Um Banco de Caprinos no Deserto do Quênia

Um Banco de Caprinos no Deserto do Quênia

Despertamos, certa manhã, com a lembrança suave de um velho amigo colombiano, perdido nas dobras do tempo. Padre Leonel. Conhecemo-lo em Nairóbi, 1982, quando os dias corriam entre planilhas de ajuda humanitária e silêncios africanos. Ele vinha de Marsabit, a 560 quilômetros dali — pedaço seco do Quênia onde o vento trazia pó e preces.

Surgia sem aviso, sempre em urgência: um pedido de soro, sacos de farinha, peças para o poço. Falava pouco, não se demorava. Antes de partir, parava diante de um pôster na parede — Dom Helder em letras grandes: “Quando dou comida aos pobres, sou santo. Quando pergunto por que os pobres têm fome, sou comunista.” A frase o fazia sorrir com a timidez de menino. Talvez ali estivesse o resumo de sua missão: não um santo, tampouco um revolucionário — apenas alguém em busca de reconciliação.
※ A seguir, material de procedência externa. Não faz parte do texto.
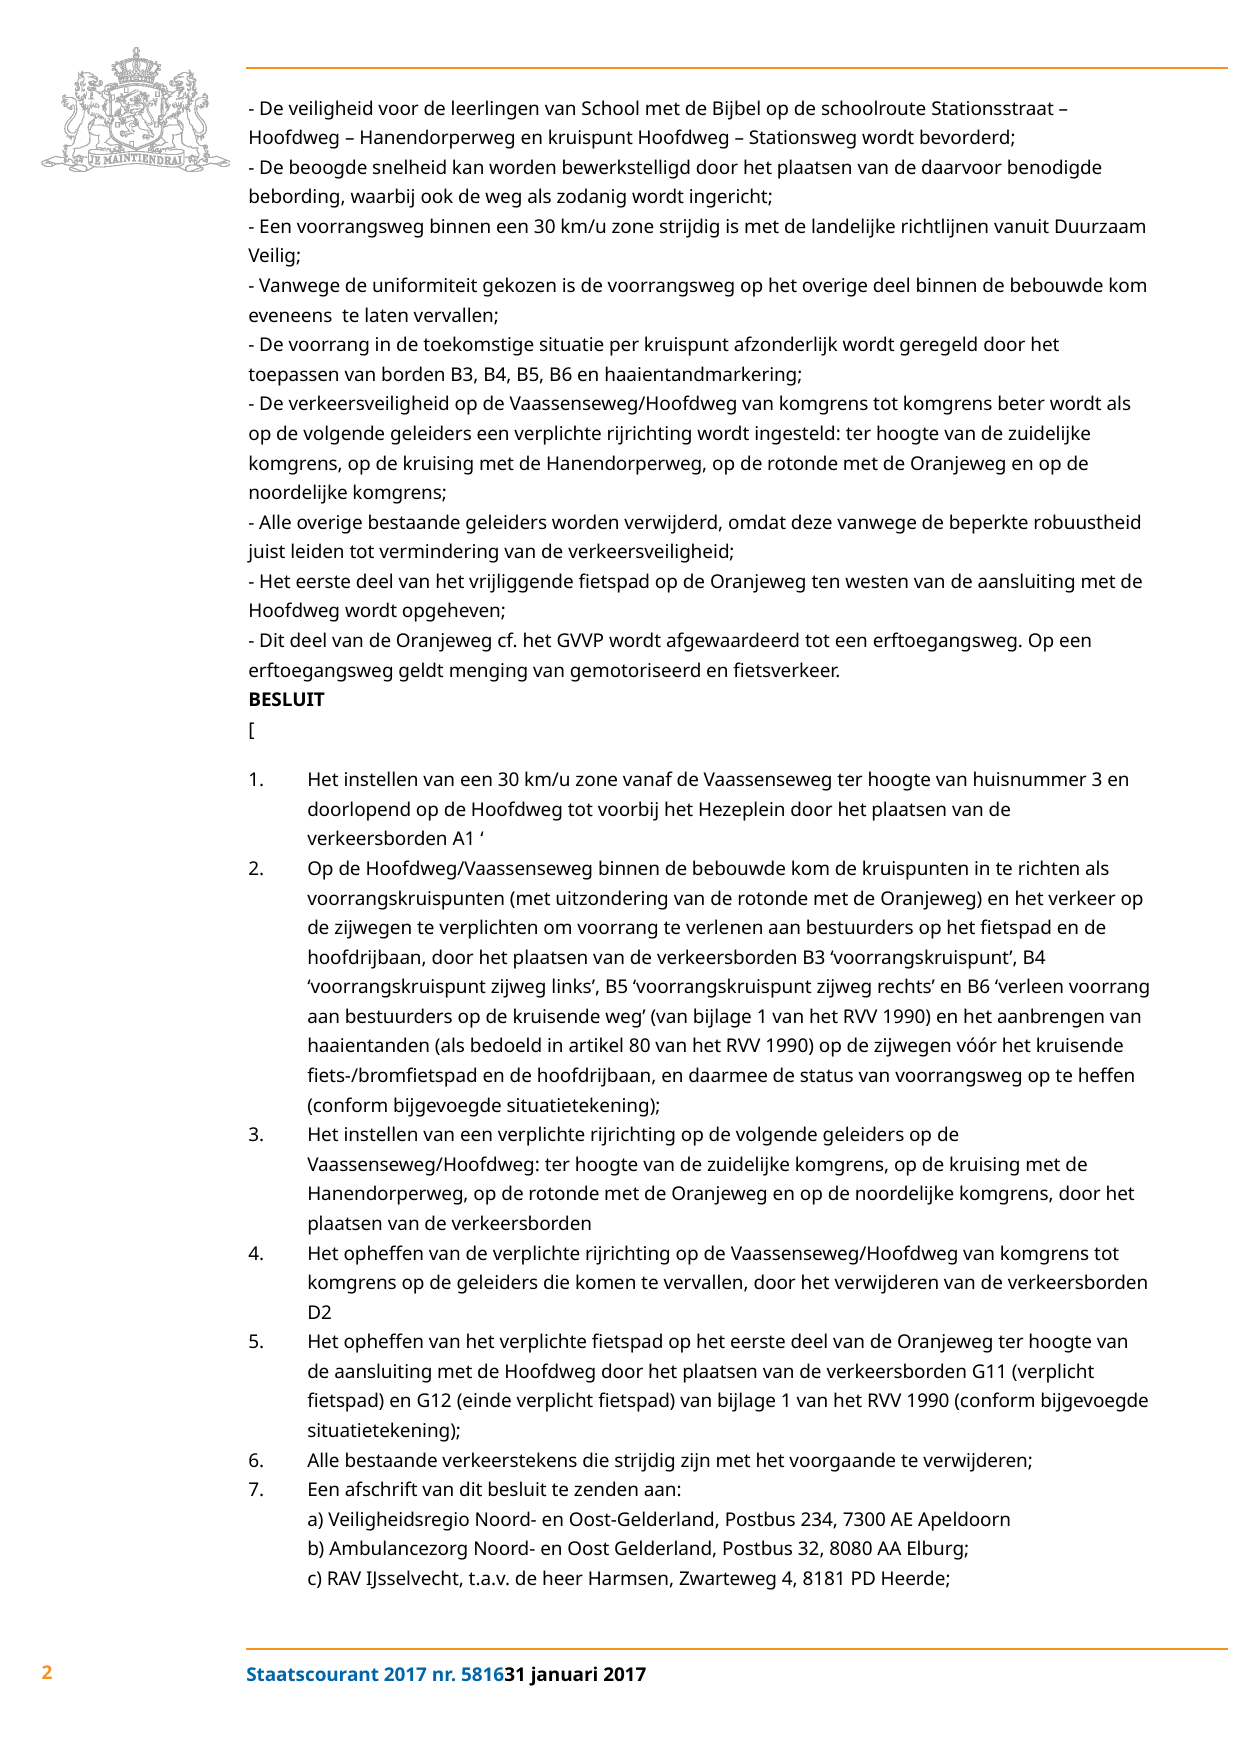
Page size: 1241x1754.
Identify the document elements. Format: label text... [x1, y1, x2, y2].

list Een afschrift van dit besluit te zenden aan: [248, 1476, 1152, 1502]
list b) Ambulancezorg Noord- en Oost Gelderland, Postbus 32, 8080 AA Elburg; [248, 1536, 1152, 1561]
text - De verkeersveiligheid op de Vaassenseweg/Hoofdweg van komgrens tot komgrens beter wordt als op de volgende geleiders een verplichte rijrichting wordt ingesteld: ter hoogte van de zuidelijke komgrens, op de kruising met de Hanendorperweg, op de rotonde met de Oranjeweg en op de noordelijke komgrens; [248, 391, 1152, 505]
picture [41, 47, 231, 172]
list Het instellen van een 30 km/u zone vanaf de Vaassenseweg ter hoogte van huisnummer 3 en doorlopend op de Hoofdweg tot voorbij het Hezeplein door het plaatsen van de verkeersborden A1 ‘ [248, 766, 1152, 851]
list Het opheffen van de verplichte rijrichting op de Vaassenseweg/Hoofdweg van komgrens tot komgrens op de geleiders die komen te vervallen, door het verwijderen van de verkeersborden D2 [248, 1240, 1152, 1325]
text - De veiligheid voor de leerlingen van School met de Bijbel op de schoolroute Stationsstraat – Hoofdweg – Hanendorperweg en kruispunt Hoofdweg – Stationsweg wordt bevorderd; [248, 95, 1152, 150]
list c) RAV IJsselvecht, t.a.v. de heer Harmsen, Zwarteweg 4, 8181 PD Heerde; [248, 1565, 1152, 1591]
text - De beoogde snelheid kan worden bewerkstelligd door het plaatsen van de daarvoor benodigde bebording, waarbij ook de weg als zodanig wordt ingericht; [248, 154, 1152, 209]
list Alle bestaande verkeerstekens die strijdig zijn met het voorgaande te verwijderen; [248, 1447, 1152, 1473]
text - Vanwege de uniformiteit gekozen is de voorrangsweg op het overige deel binnen de bebouwde kom eveneens te laten vervallen; [248, 272, 1152, 328]
text [ [248, 716, 1152, 742]
list Het instellen van een verplichte rijrichting op de volgende geleiders op de Vaassenseweg/Hoofdweg: ter hoogte van de zuidelijke komgrens, op de kruising met de Hanendorperweg, op de rotonde met de Oranjeweg en op de noordelijke komgrens, door het plaatsen van de verkeersborden [248, 1121, 1152, 1236]
list Op de Hoofdweg/Vaassenseweg binnen de bebouwde kom de kruispunten in te richten als voorrangskruispunten (met uitzondering van de rotonde met de Oranjeweg) en het verkeer op de zijwegen te verplichten om voorrang te verlenen aan bestuurders op het fietspad en de hoofdrijbaan, door het plaatsen van de verkeersborden B3 ‘voorrangskruispunt’, B4 ‘voorrangskruispunt zijweg links’, B5 ‘voorrangskruispunt zijweg rechts’ en B6 ‘verleen voorrang aan bestuurders op de kruisende weg’ (van bijlage 1 van het RVV 1990) en het aanbrengen van haaientanden (als bedoeld in artikel 80 van het RVV 1990) op de zijwegen vóór het kruisende fiets-/bromfietspad en de hoofdrijbaan, en daarmee de status van voorrangsweg op te heffen (conform bijgevoegde situatietekening); [248, 855, 1152, 1118]
text BESLUIT [248, 686, 1152, 712]
text - Het eerste deel van het vrijliggende fietspad op de Oranjeweg ten westen van de aansluiting met de Hoofdweg wordt opgeheven; [248, 568, 1152, 623]
list Het opheffen van het verplichte fietspad op het eerste deel van de Oranjeweg ter hoogte van de aansluiting met de Hoofdweg door het plaatsen van de verkeersborden G11 (verplicht fietspad) en G12 (einde verplicht fietspad) van bijlage 1 van het RVV 1990 (conform bijgevoegde situatietekening); [248, 1328, 1152, 1443]
text - Dit deel van de Oranjeweg cf. het GVVP wordt afgewaardeerd tot een erftoegangsweg. Op een erftoegangsweg geldt menging van gemotoriseerd en fietsverkeer. [248, 627, 1152, 683]
text - Een voorrangsweg binnen een 30 km/u zone strijdig is met de landelijke richtlijnen vanuit Duurzaam Veilig; [248, 213, 1152, 268]
text - De voorrang in de toekomstige situatie per kruispunt afzonderlijk wordt geregeld door het toepassen van borden B3, B4, B5, B6 en haaientandmarkering; [248, 331, 1152, 387]
text - Alle overige bestaande geleiders worden verwijderd, omdat deze vanwege de beperkte robuustheid juist leiden tot vermindering van de verkeersveiligheid; [248, 509, 1152, 564]
list a) Veiligheidsregio Noord- en Oost-Gelderland, Postbus 234, 7300 AE Apeldoorn [248, 1506, 1152, 1532]

Num desses encontros, trouxe um pedido inusitado: precisava de fundos para comprar… caprinos. Silêncio. Olhares trocados. Insistimos por justificativas. Ele explicou com a calma de quem conhece a alma dos conflitos: queria criar um banco de cabras, um fundo rotativo para doações às famílias das noviças ameaçadas por dotes tribais. Os anciãos, presos à cultura e ao machismo nômade, ofereciam animais para “comprar” meninas em formação religiosa. Pobres demais para recusar, as famílias hesitavam.

Resgatar com dinheiro parecia insustentável. Dissemos isso. Mas Padre Leonel não falava de resgate — falava de dignidade. Sua proposta: comprar caprinos e emprestá-los como garantia simbólica às famílias das noviças. Um cheque de futuro, um escudo contra o casamento forçado. Conselhos comunais cuidariam dos empréstimos, dos rebanhos, da paz. Era simples, como só as soluções verdadeiras são.

Com aquele gesto, aprendemos mais do que em muitos relatórios. Ele nos mostrou que paz e desenvolvimento não nascem de discursos, mas de ações que tocam o cotidiano. Que não há democracia possível sem justiça às mulheres esquecidas, sem respeito aos silenciados da terra.

Batemos o martelo. Com um cheque e um brilho no olhar, Padre Leonel partiu para fundar o primeiro banco do mundo capitalizado com a moeda mais sólida de Marsabit: cabras. E com elas, plantou esperança onde havia apenas poeira e resignação.